## [The problem]
Look through the records below for the line with "11) car (888, 473, 1080, 626)". Return that line and each one after it up to and including the line with "25) trash can", exactly.

## [Records from a collection]

------------------------------------------------------------------------

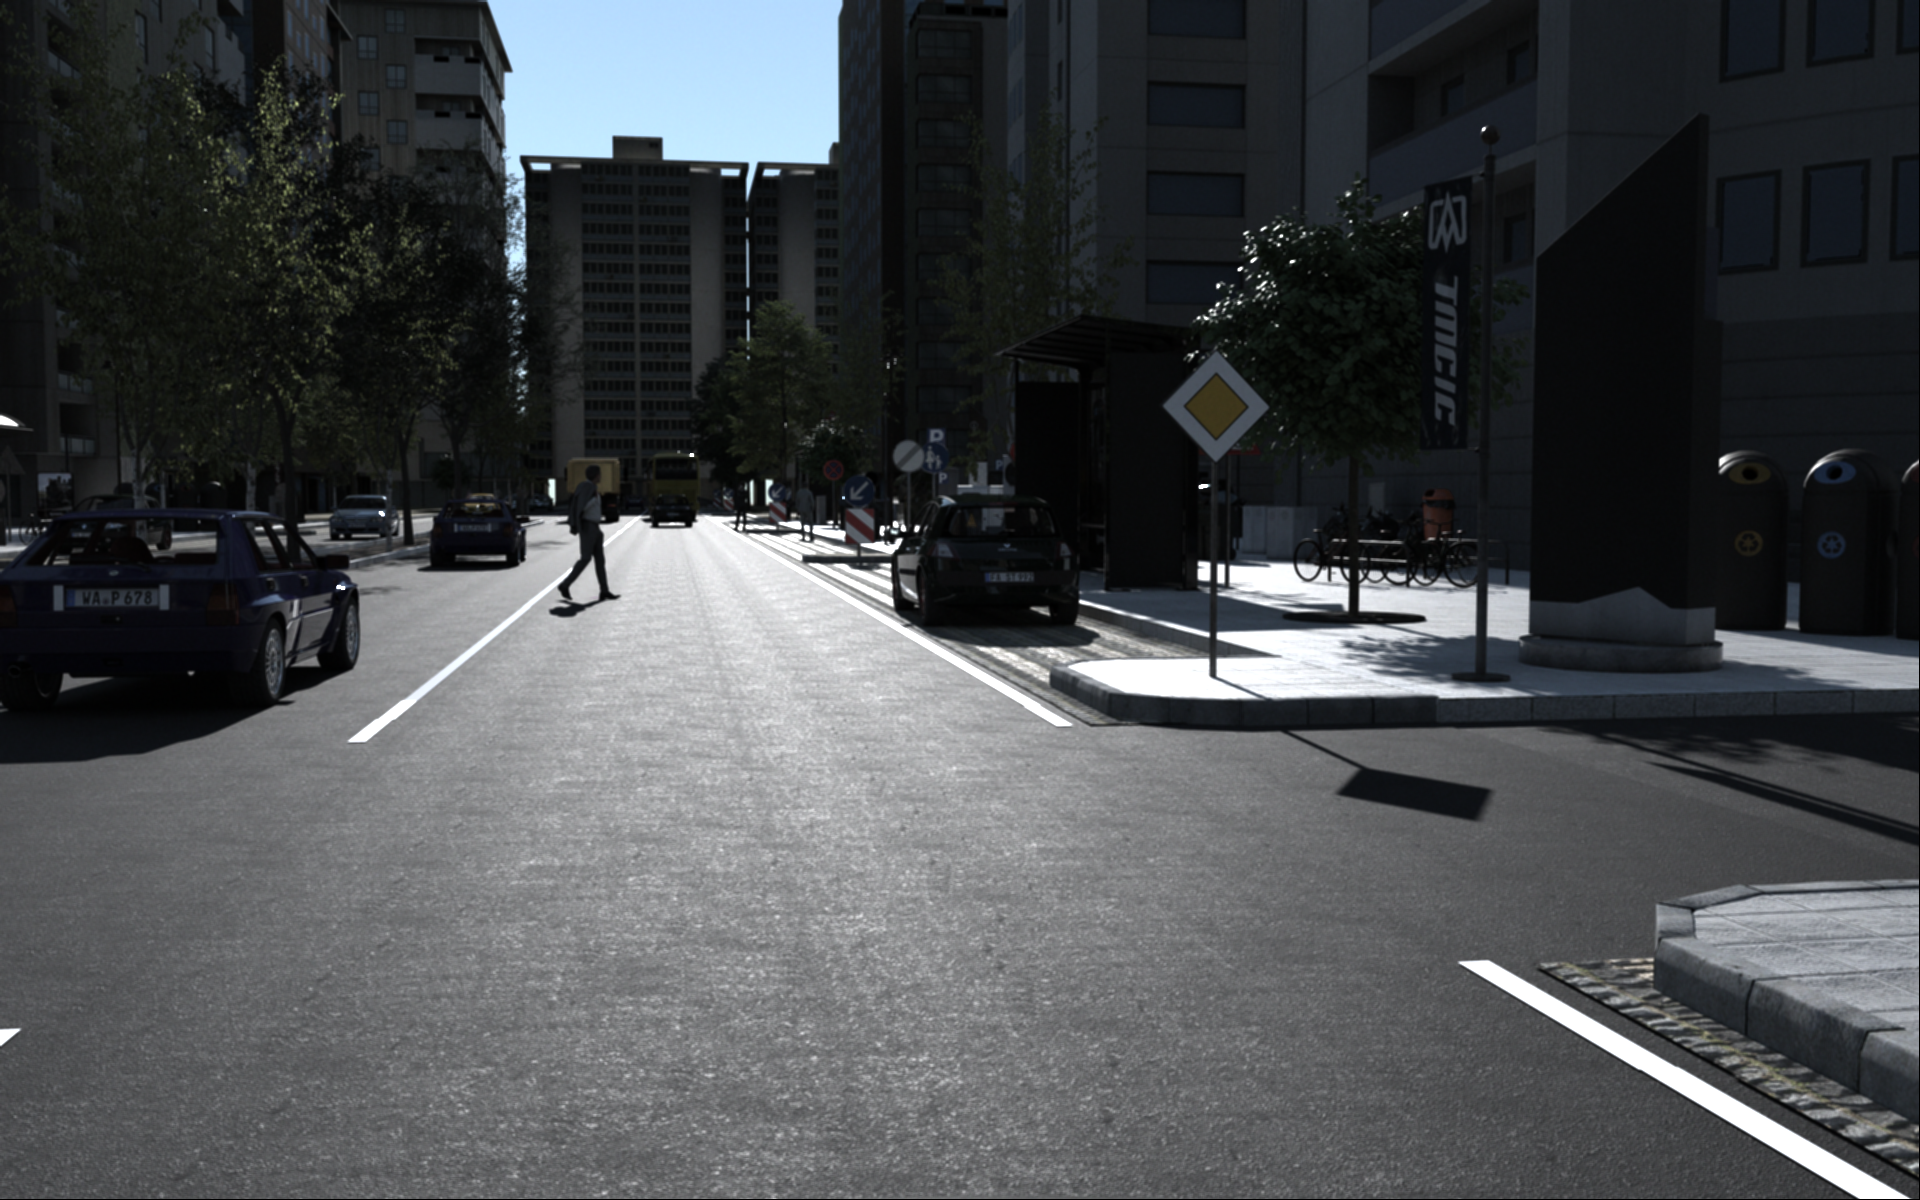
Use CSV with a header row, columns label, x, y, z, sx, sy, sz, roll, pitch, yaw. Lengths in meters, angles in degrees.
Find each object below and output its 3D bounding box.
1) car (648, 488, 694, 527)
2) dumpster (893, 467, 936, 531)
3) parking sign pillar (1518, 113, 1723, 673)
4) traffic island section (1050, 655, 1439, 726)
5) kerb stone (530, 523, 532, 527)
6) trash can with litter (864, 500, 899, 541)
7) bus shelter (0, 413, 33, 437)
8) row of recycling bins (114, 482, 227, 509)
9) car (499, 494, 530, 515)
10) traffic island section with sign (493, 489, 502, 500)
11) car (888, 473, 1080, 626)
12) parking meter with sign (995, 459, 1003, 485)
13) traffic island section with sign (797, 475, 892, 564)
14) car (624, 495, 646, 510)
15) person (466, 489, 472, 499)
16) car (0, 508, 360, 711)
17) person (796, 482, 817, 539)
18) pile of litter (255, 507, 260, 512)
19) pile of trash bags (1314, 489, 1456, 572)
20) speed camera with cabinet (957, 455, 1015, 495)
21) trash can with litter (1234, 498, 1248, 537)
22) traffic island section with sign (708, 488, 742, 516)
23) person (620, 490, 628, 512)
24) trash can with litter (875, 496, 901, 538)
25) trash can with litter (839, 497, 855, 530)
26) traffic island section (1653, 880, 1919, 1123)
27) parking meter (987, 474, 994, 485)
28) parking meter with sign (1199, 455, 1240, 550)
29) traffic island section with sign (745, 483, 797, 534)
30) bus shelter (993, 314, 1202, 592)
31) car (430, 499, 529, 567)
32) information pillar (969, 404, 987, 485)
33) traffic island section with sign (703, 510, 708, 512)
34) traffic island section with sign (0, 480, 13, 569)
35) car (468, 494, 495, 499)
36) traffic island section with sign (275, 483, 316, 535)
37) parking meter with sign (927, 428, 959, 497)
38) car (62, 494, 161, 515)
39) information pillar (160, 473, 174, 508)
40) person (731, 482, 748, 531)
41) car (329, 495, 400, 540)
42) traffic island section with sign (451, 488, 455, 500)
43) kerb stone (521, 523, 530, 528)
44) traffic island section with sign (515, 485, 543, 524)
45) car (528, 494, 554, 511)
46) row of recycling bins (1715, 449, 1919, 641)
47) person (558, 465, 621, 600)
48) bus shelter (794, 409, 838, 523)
label,x,y,z,sx,sy,sz,roll,pitch,yaw
car,-12.741,-4.082,76.532,2.009,1.686,4.222,-1,4,-11
dumpster,-1.303,-3.127,53.627,1.502,2.255,1.985,-1,4,-9
parking sign pillar,4.980,-1.499,12.980,1.447,3.967,1.447,-3,4,-38
traffic island section,1.793,0.618,12.170,2.009,0.180,2.903,-1,4,-10
kerb stone,-18.585,-3.186,74.307,0.120,0.150,1.000,-1,4,-10
trash can with litter,-2.179,-2.213,47.576,1.055,1.170,0.624,1,4,20
bus shelter,-23.449,-2.820,40.024,2.014,3.302,5.546,-1,4,-10
row of recycling bins,-26.869,-3.171,58.967,3.534,1.692,1.069,-3,4,-37
car,-31.357,-6.741,122.010,2.131,1.459,4.920,-1,4,-11
traffic island section with sign,-36.379,-7.812,136.355,1.989,1.847,2.006,-1,4,-10
car,0.214,-0.635,20.174,2.009,1.686,4.222,-1,4,-8
parking meter with sign,2.501,-5.610,87.991,0.543,3.016,1.738,3,4,37
traffic island section with sign,-2.306,-1.700,36.427,1.989,1.847,2.006,-1,4,-10
car,-29.805,-8.941,158.766,1.945,1.354,3.894,-1,4,-9
person,-31.683,-6.282,111.877,0.621,1.740,0.551,-1,4,-15
car,-5.653,-0.019,12.883,1.945,1.354,3.894,0,4,-8
person,-4.836,-2.798,54.346,0.635,1.810,0.391,0,4,6
pile of litter,-27.415,-3.301,67.940,1.176,0.858,1.719,1,4,10
pile of trash bags,7.569,-1.233,29.909,1.912,1.369,3.447,-1,4,-13
speed camera with cabinet,0.863,-2.737,39.082,2.038,3.252,0.660,3,5,41
trash can with litter,8.023,-2.428,51.085,0.624,1.170,1.055,-2,4,-26
traffic island section with sign,-15.148,-6.354,112.511,1.989,1.847,2.006,-1,4,-10
person,-26.887,-7.842,137.233,1.217,1.766,0.721,-3,4,-36
trash can with litter,-1.815,-2.401,50.311,2.233,1.210,1.678,-1,4,-20
trash can with litter,-3.992,-3.102,62.101,0.624,1.170,1.055,-1,4,-14
traffic island section,3.123,1.100,4.296,2.009,0.180,2.903,-1,4,-10
parking meter,0.762,-2.701,49.876,0.399,1.863,0.255,2,4,34
parking meter with sign,5.559,-2.656,39.683,1.738,3.016,0.543,0,4,-5
traffic island section with sign,-6.791,-3.326,63.008,1.989,1.847,2.006,-1,4,-10
bus shelter,1.906,-2.114,25.849,1.731,3.624,6.357,-1,4,-10
car,-9.903,-1.416,35.725,1.945,1.354,3.894,-1,4,-11
information pillar,0.454,-3.274,44.886,0.504,3.616,0.183,1,4,18
traffic island section with sign,-19.650,-7.979,139.089,1.989,1.847,2.006,-1,4,-10
traffic island section with sign,-19.043,-1.529,33.621,1.989,1.847,2.006,-1,4,-10
car,-25.372,-4.991,91.822,2.015,1.641,3.980,-1,4,-10
traffic island section with sign,-23.539,-3.157,60.250,1.989,1.847,2.006,-1,4,-10
parking meter with sign,-0.310,-3.076,46.550,0.543,3.016,1.738,1,4,21
car,-20.747,-1.999,42.464,2.009,1.686,4.222,0,4,-8
information pillar,-27.804,-3.442,60.768,0.304,2.012,0.304,1,4,20
person,-8.547,-3.643,67.423,0.648,1.900,0.474,3,5,40
car,-19.225,-2.693,56.040,2.014,1.417,4.499,-1,4,-11
traffic island section with sign,-31.897,-6.186,109.774,1.989,1.847,2.006,-1,4,-10
kerb stone,-18.410,-3.121,73.300,0.120,0.150,1.000,-1,4,-10
traffic island section with sign,-21.311,-4.648,84.139,2.006,1.907,1.989,-1,4,-10
car,-35.117,-8.156,145.155,2.131,1.459,4.920,-1,4,-10
row of recycling bins,8.418,-0.520,15.614,1.069,1.692,3.534,-3,5,-41
person,-5.040,-0.910,23.484,0.850,1.850,0.679,0,4,0
bus shelter,-6.422,-6.236,79.584,2.179,5.291,8.768,-1,4,-10
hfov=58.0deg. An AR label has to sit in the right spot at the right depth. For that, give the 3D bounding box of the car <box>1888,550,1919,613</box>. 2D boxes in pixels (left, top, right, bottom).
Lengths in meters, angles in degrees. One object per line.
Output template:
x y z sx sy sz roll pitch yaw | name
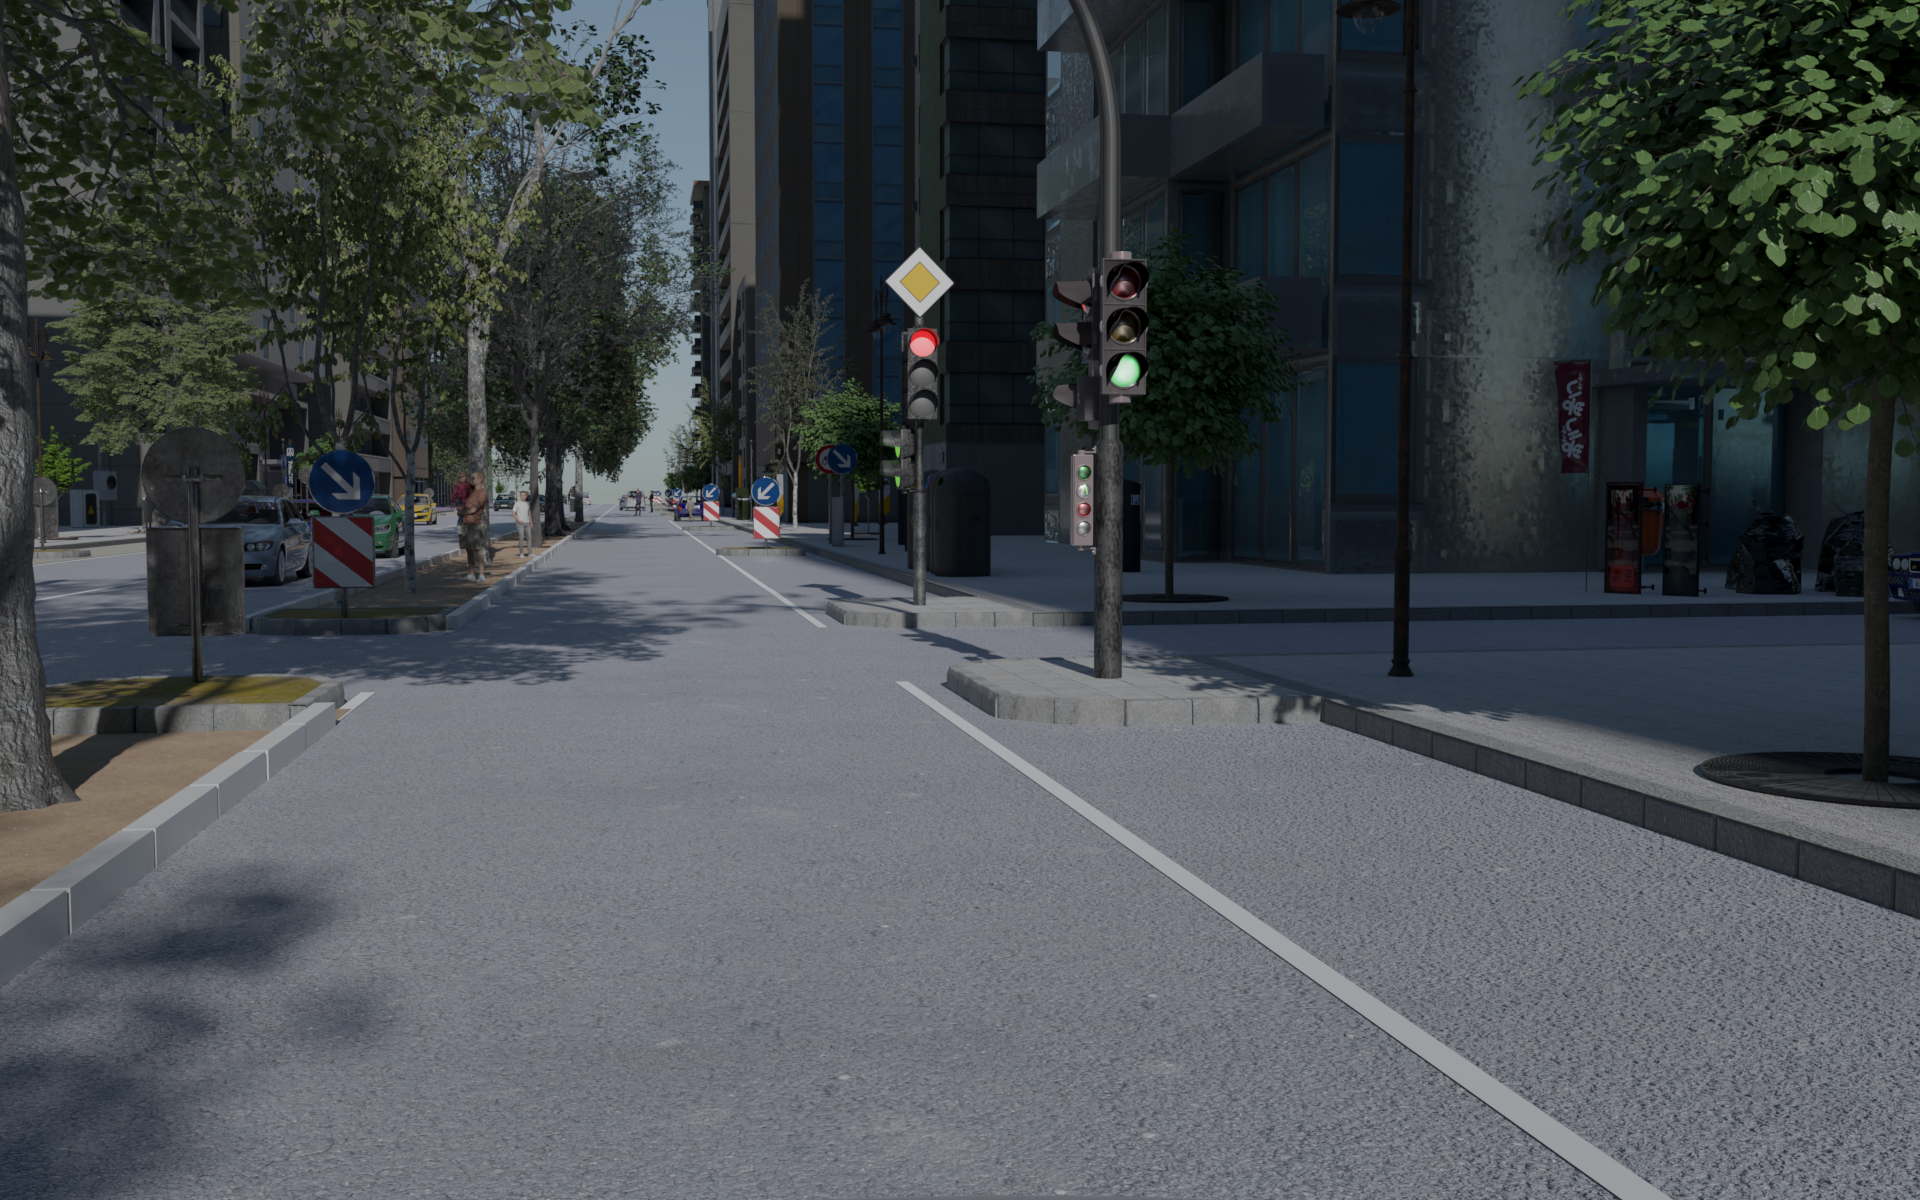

------------------------------------------------------------------------

## [Response to this exercise]
11) car (888, 473, 1080, 626)
12) parking meter with sign (995, 459, 1003, 485)
13) traffic island section with sign (797, 475, 892, 564)
14) car (624, 495, 646, 510)
15) person (466, 489, 472, 499)
16) car (0, 508, 360, 711)
17) person (796, 482, 817, 539)
18) pile of litter (255, 507, 260, 512)
19) pile of trash bags (1314, 489, 1456, 572)
20) speed camera with cabinet (957, 455, 1015, 495)
21) trash can with litter (1234, 498, 1248, 537)
22) traffic island section with sign (708, 488, 742, 516)
23) person (620, 490, 628, 512)
24) trash can with litter (875, 496, 901, 538)
25) trash can with litter (839, 497, 855, 530)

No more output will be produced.